Wolf Creek tests show increases in fecal contamination

Alicia Knadler
Indian Valley Editor
1.5.2011


During recent storm events in Greenville, fecal contamination levels in Wolf Creek exceeded state water quality standards, but whether or not the source is the sewer ponds remains in question.

Creek samples at intervals above and below the ponds were required after a leak was discovered last summer in a sewer pond used as a secondary sump, or transfer pond.

The pond has since been abandoned, and ongoing improvements in pond operations were in progress until bad winter weather set in.

"We suspect that sewer water did get into Wolf Creek, although we do not know that for sure," said Leanna Moore, general manager of the Indian Valley Community Services District.

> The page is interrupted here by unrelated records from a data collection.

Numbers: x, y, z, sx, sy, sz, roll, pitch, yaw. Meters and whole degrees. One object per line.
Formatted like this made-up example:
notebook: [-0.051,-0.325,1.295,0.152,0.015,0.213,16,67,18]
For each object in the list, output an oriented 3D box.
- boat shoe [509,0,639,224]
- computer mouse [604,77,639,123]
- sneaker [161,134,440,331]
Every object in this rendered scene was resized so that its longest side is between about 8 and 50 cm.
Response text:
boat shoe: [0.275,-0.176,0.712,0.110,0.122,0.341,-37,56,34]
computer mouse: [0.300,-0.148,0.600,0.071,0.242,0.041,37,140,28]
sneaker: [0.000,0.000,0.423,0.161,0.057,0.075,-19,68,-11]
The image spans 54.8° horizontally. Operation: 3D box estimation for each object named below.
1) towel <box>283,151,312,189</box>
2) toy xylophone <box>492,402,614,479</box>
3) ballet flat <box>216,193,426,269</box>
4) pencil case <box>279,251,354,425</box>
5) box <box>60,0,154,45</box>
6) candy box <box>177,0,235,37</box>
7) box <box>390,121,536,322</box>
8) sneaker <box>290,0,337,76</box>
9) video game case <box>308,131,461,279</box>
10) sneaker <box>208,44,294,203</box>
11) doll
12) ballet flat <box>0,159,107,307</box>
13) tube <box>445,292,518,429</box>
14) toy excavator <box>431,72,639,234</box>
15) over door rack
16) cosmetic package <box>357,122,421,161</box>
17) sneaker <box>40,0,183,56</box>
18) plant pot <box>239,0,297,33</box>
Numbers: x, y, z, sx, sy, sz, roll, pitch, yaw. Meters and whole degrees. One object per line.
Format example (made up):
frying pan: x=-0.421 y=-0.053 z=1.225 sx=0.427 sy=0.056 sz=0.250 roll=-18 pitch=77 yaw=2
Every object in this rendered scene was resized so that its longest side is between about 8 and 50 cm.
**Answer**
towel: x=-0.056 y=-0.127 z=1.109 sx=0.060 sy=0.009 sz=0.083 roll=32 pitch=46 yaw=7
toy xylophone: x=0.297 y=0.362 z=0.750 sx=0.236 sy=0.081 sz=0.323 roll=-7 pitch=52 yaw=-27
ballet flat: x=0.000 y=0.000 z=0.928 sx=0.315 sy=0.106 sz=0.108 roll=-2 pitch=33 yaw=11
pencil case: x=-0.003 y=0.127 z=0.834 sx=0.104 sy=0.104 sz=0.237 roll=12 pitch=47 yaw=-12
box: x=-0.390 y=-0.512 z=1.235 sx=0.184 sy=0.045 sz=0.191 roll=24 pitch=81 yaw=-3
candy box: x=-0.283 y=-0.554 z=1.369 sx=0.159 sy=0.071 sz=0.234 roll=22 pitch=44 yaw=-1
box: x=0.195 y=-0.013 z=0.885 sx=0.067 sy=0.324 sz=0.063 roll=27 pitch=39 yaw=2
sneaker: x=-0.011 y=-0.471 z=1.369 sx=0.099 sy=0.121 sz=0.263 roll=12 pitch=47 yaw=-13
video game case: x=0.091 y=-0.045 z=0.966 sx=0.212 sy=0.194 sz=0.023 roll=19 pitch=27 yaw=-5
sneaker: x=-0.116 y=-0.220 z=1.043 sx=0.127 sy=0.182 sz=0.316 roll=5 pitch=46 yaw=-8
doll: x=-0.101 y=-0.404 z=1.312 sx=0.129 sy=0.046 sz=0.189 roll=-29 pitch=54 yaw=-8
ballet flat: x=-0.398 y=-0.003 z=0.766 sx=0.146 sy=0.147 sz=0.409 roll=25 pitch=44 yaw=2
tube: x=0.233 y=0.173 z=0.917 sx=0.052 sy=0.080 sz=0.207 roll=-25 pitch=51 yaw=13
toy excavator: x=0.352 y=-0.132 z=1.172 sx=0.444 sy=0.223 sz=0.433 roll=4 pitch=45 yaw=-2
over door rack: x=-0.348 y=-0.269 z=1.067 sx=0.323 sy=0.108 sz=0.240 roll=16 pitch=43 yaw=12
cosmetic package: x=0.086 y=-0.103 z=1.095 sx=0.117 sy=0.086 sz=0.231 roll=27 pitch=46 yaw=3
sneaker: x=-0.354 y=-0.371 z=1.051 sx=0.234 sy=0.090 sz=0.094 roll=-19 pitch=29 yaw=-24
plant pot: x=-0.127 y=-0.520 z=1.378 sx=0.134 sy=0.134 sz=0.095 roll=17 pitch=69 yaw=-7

Lab tests indicated high levels of contamination above the ponds, and those levels remained the same at a sampling site adjacent to them.

In a previous report, a Plumas County Environmental Health spokesperson was not overly concerned about the concept of some fecal contamination in the creek, which is naturally occurring in the environment, as well as from sources like pasture runoff.

Although levels were high during storm events, they have dropped significantly and are well within state standards for water quality.

Working closely with the state, district workers have completed stage one of the repair plan.

They will continue with stage two as soon as the water table level and weather conditions permit.